◆ **TO DO**
Produce a word-for-word copy of the lines from the one that contains "Instruction: Click on" to the final line of the data below, with all pictures dropped.

◆ **DATA PROVIDED**
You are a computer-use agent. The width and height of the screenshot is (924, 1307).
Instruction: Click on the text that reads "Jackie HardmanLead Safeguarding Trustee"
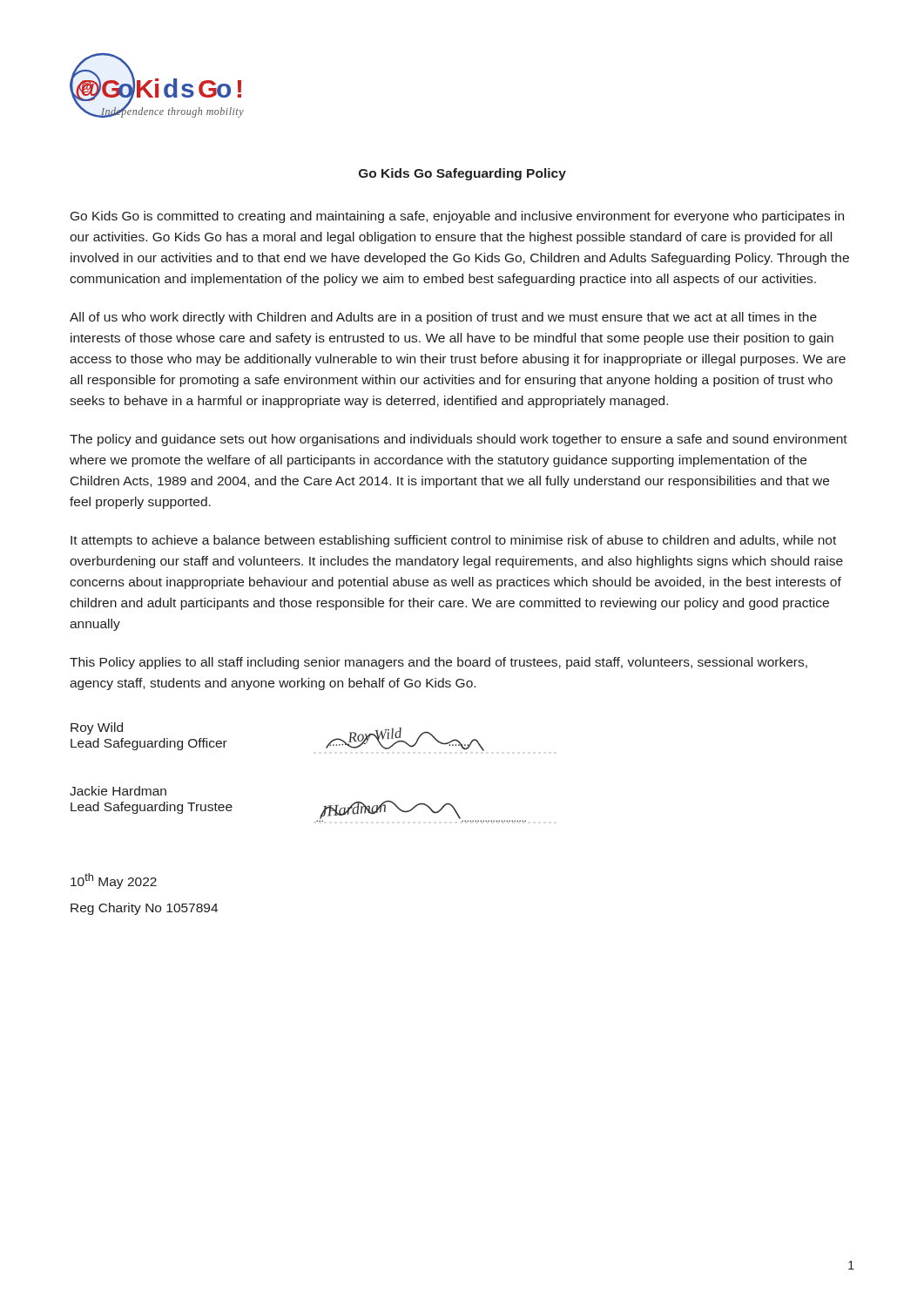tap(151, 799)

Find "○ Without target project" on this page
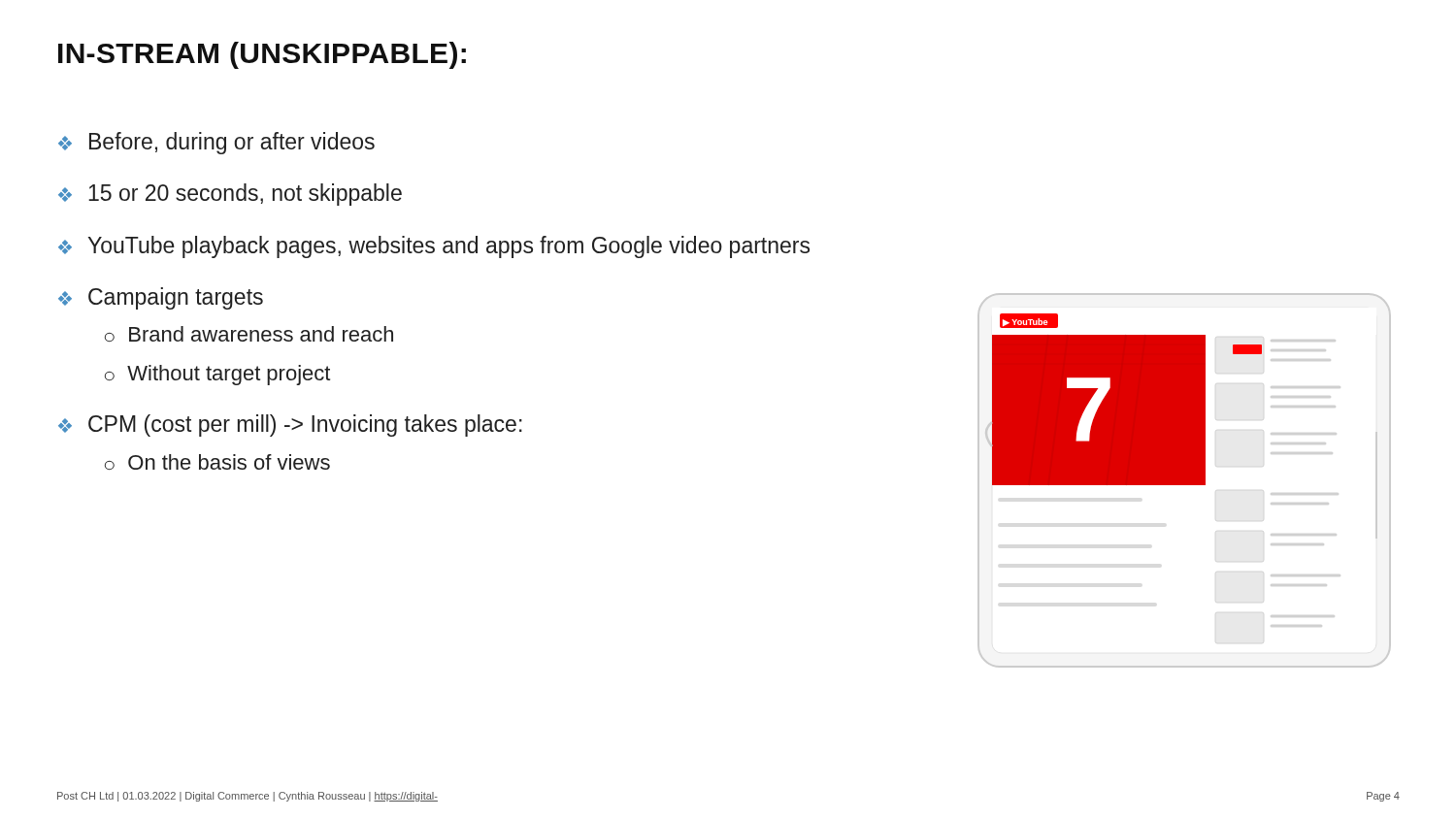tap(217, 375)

◆ **EXERCISE ANSWER**
Instruction: Click on the text that reads "Jackie HardmanLead Safeguarding Trustee"
tap(151, 799)

Find "○ Without target project" on this page
tap(217, 375)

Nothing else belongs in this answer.